Problem to work on - Report each line of the data that contains the string "casserole".

Provided data -
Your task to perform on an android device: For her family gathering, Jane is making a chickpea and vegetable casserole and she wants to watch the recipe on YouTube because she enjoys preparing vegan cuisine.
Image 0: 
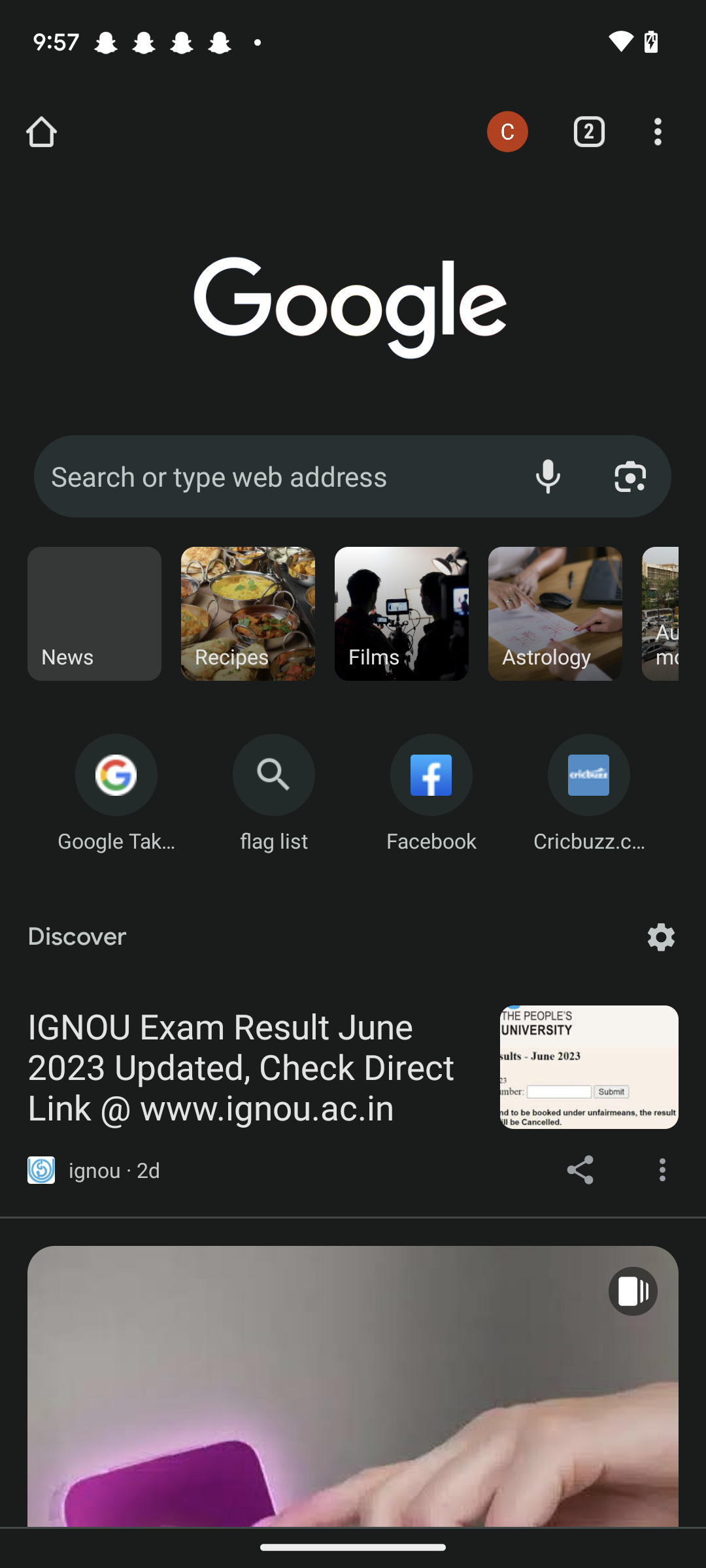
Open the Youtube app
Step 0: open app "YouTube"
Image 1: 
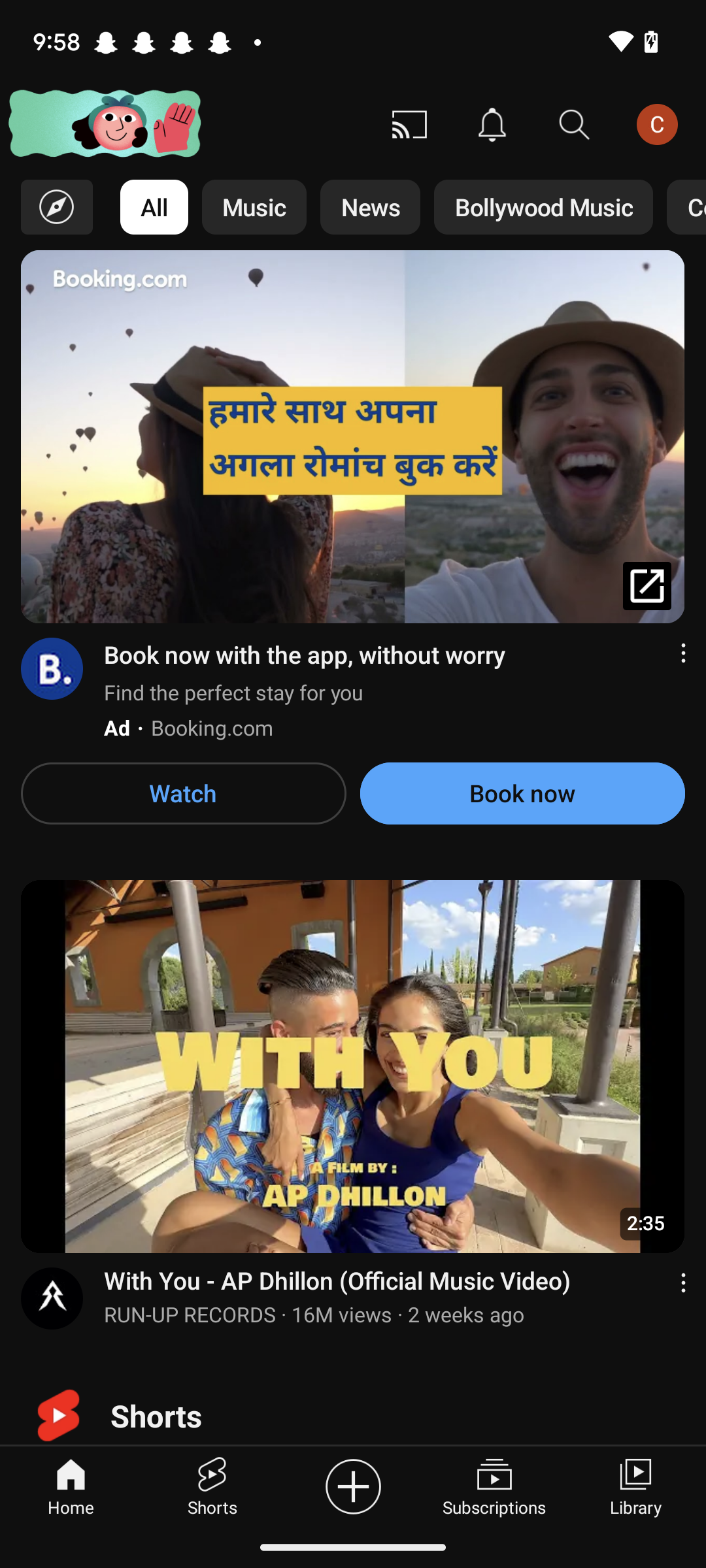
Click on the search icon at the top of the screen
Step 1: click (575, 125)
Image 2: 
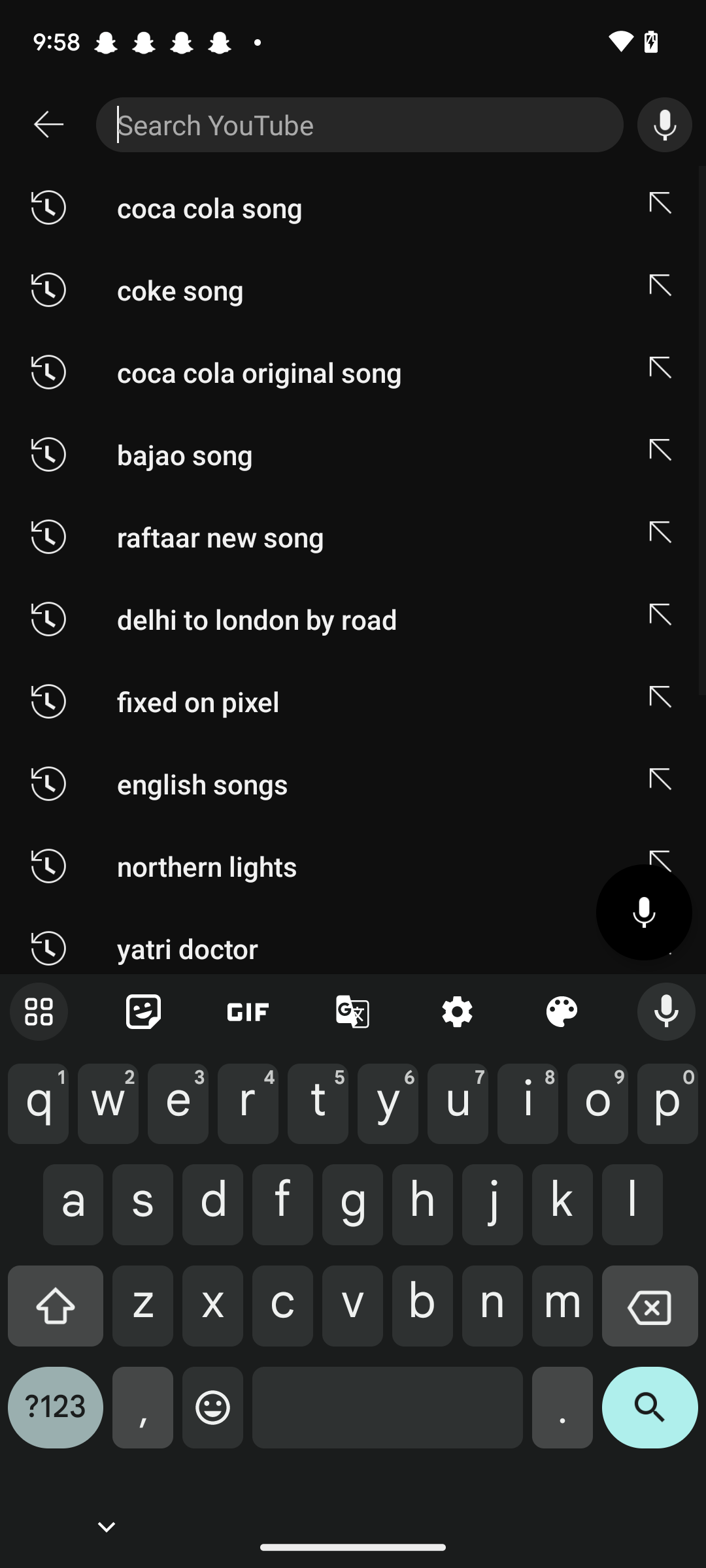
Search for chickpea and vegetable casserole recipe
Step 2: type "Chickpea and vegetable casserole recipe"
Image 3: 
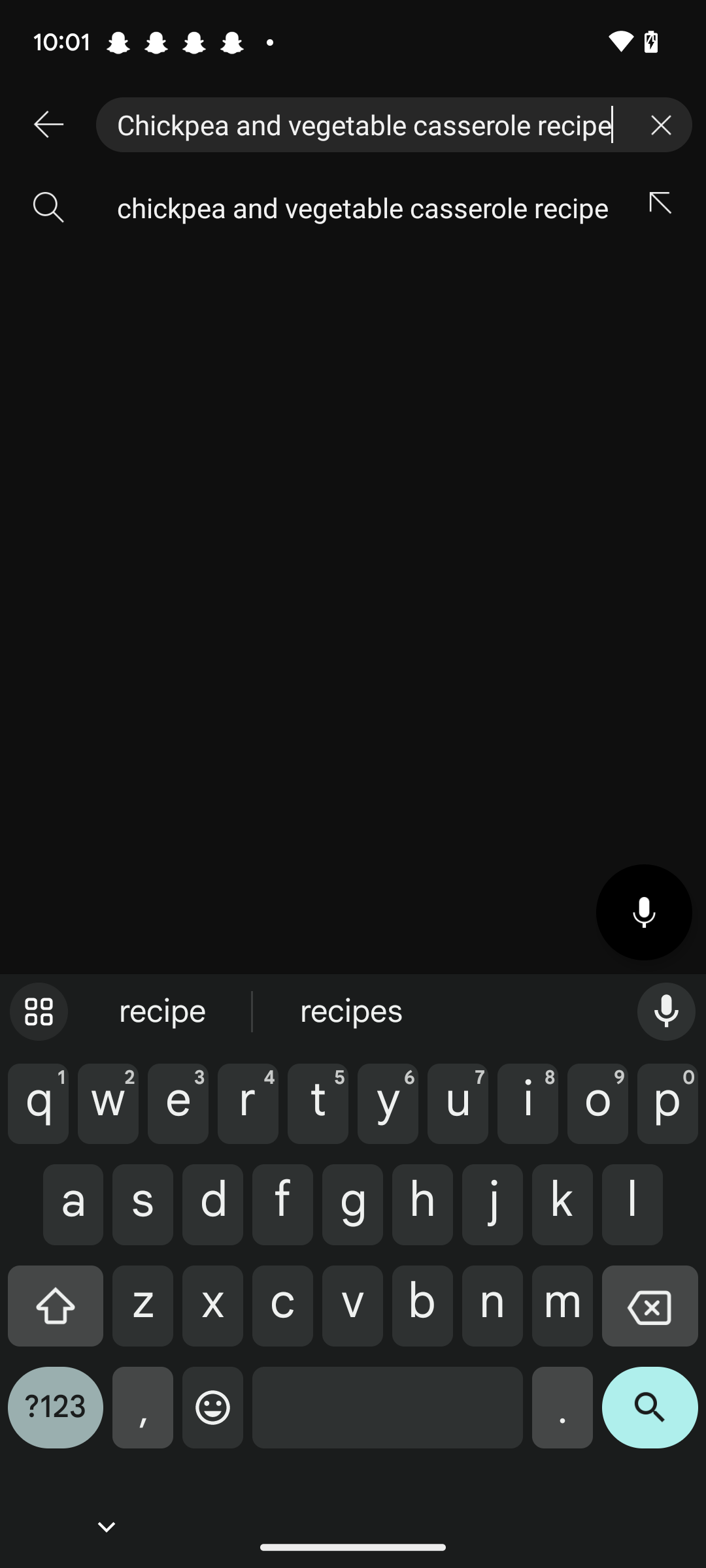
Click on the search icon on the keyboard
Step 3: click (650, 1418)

Answer to this task -
Your task to perform on an android device: For her family gathering, Jane is making a chickpea and vegetable casserole and she wants to watch the recipe on YouTube because she enjoys preparing vegan cuisine.
Search for chickpea and vegetable casserole recipe
Step 2: type "Chickpea and vegetable casserole recipe"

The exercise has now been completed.